Hacker News new | ask | show | jobs
by pas 777 days ago
The problem is that we are flooded with low-quality tools.

In general it is almost universally true of software nowadays. (Because change/progress leapfrogged any kind of teleological end-to-end design OR it's simply unmaintained, for example see any US government IT system. Or the ubiquitous extremely fragile corporate synthetic snowflake software that only runs on Windows XP SP1 + that 3 particular patches with that exact vc6.dll copied over from an old CD.)

A good quality information processing tool is designed for the process that it's meant to augment, ideally considering the original problem, and ultimately improving the process itself.

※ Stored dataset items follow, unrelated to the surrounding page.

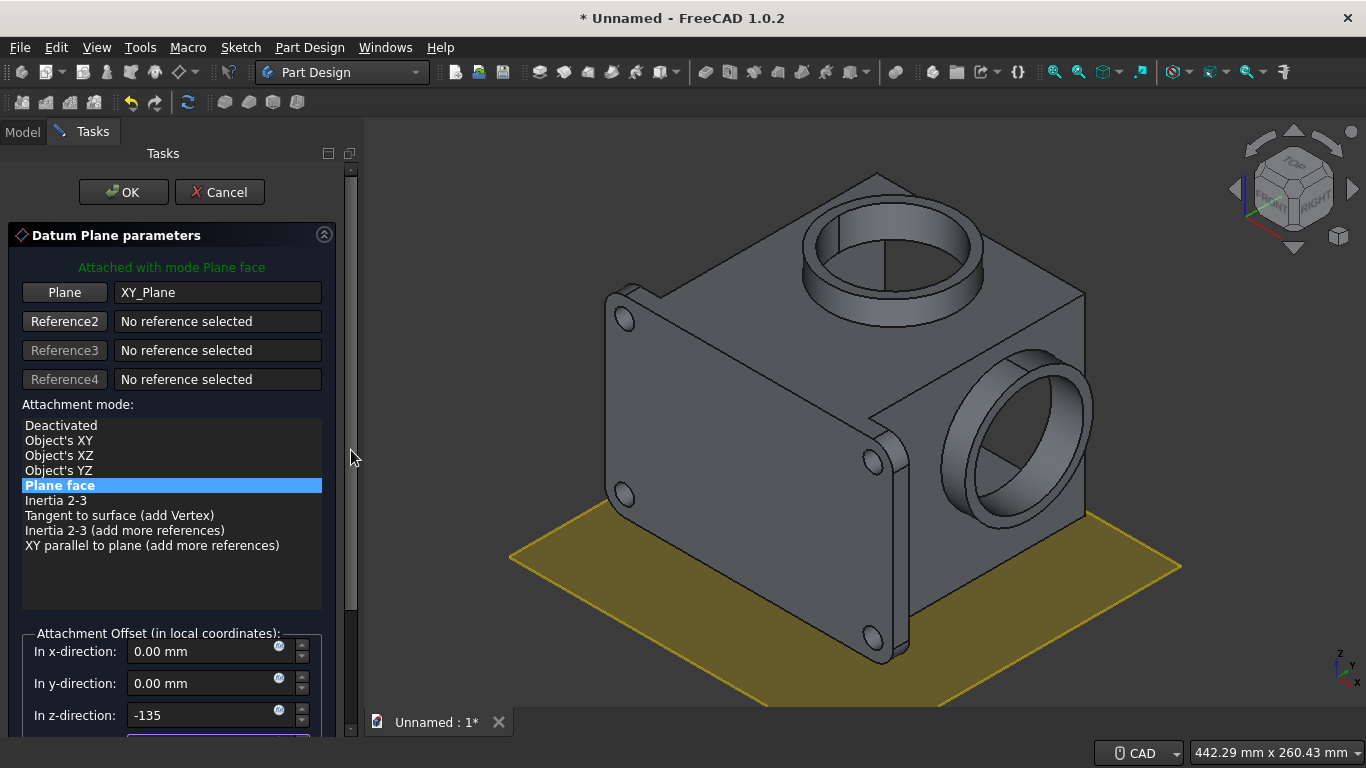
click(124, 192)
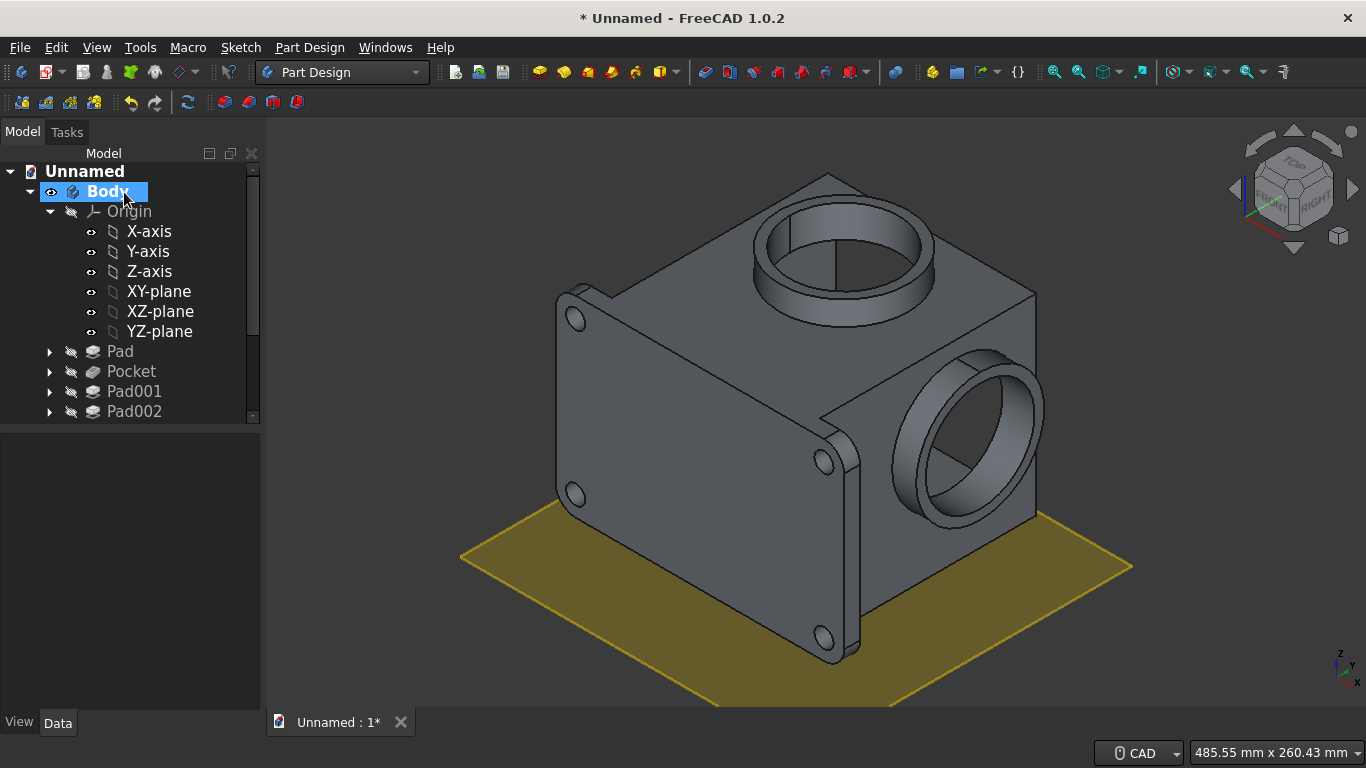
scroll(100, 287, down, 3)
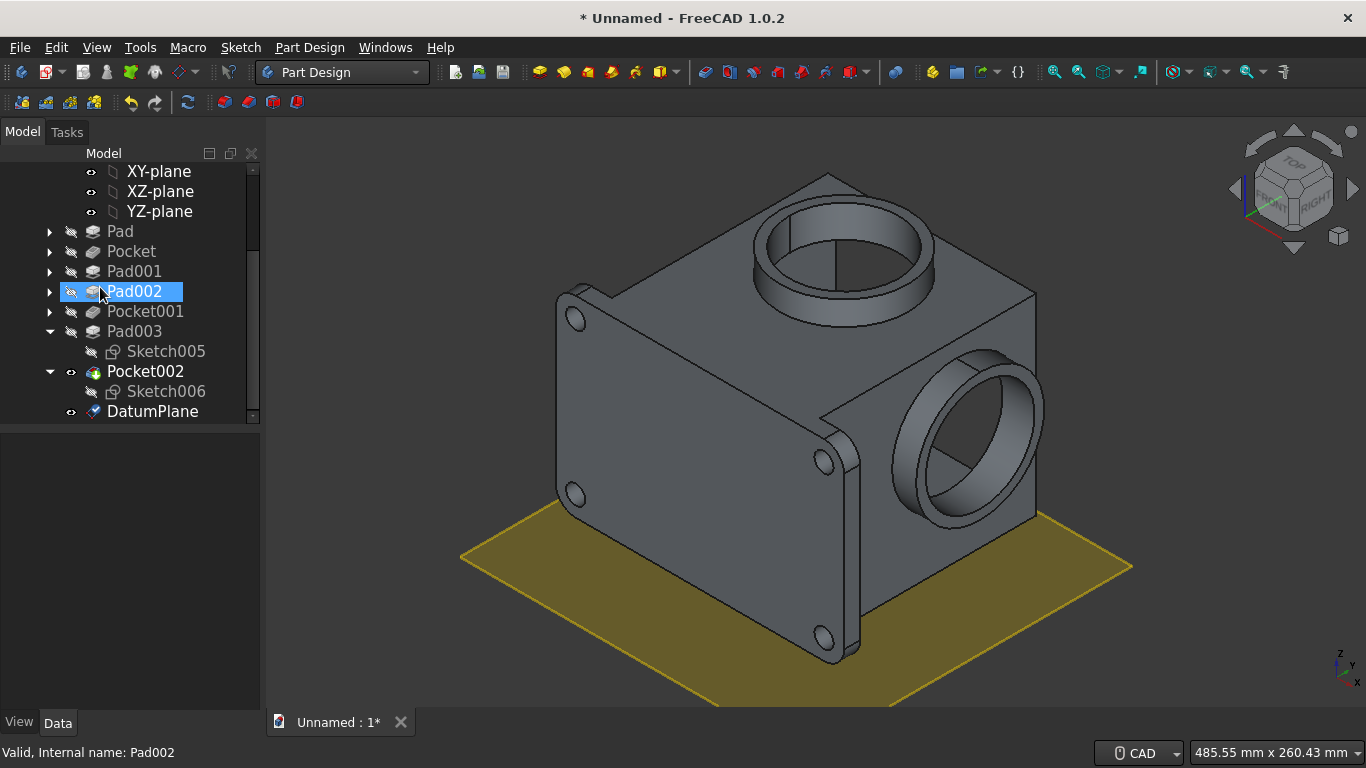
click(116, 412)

(Just digitizing a form likely leads to worse outcomes. Because those forms were designed for pen and paper. Screens and keyboard navigation requires different flows.

And the usual process is even worse, which consist of reinventing the wheel without context, as in speedrunning through all the problems of corporate politics and procurement, delivering some half-assed milestone-driven monstrosity, and forcing it on employees.

Of course, due to the aforementioned universal internal incompetence-fest and quarter-driven development budgets are bad, required time and effort is underestimated, learning curves are ignored, software gets set in stone too soon, and thus efficiency remains well below the expected, planned, possible, and hoped for.)

2 comments

I think the main reason why we're flooded with low quality tool is due to the fact that with software you just copy-paste your prototype to production: unlike real world system where you build a prototype to show stuff and then have to industrialize it to get to production, for software this expensive (and crucial for quality) step is skipped entirely, and we are all stuck using prototypes…

This and seeing “code written” as the asset, instead of an artifact of “engineers increasing their mastery of the topic”, which is the true asset. But it's very closely related to the first point.

Yep, the elimination of in-house expertise was ridiculously short-sighted (which is an extremely charitable and euphemistic version of breach of fiduciary duties).
Ideally you computerize away the process as much as possible.

A common failure mode of digital transformation processes is taking the old people process and computerizing it without revisiting the underlying process.

Other important thing is that paper was able to handle "all the exceptions", notes on margins, corrections, other paper clipped to it, whatever. Sure it was ugly, but it was in-band.

If there's no way to do this in a new system, then it means there will be a parallel semi-official informal shadow of it scattered around in out-of-band channels (emails, phone, paper!), and that leads to more complexity, which kills efficiency.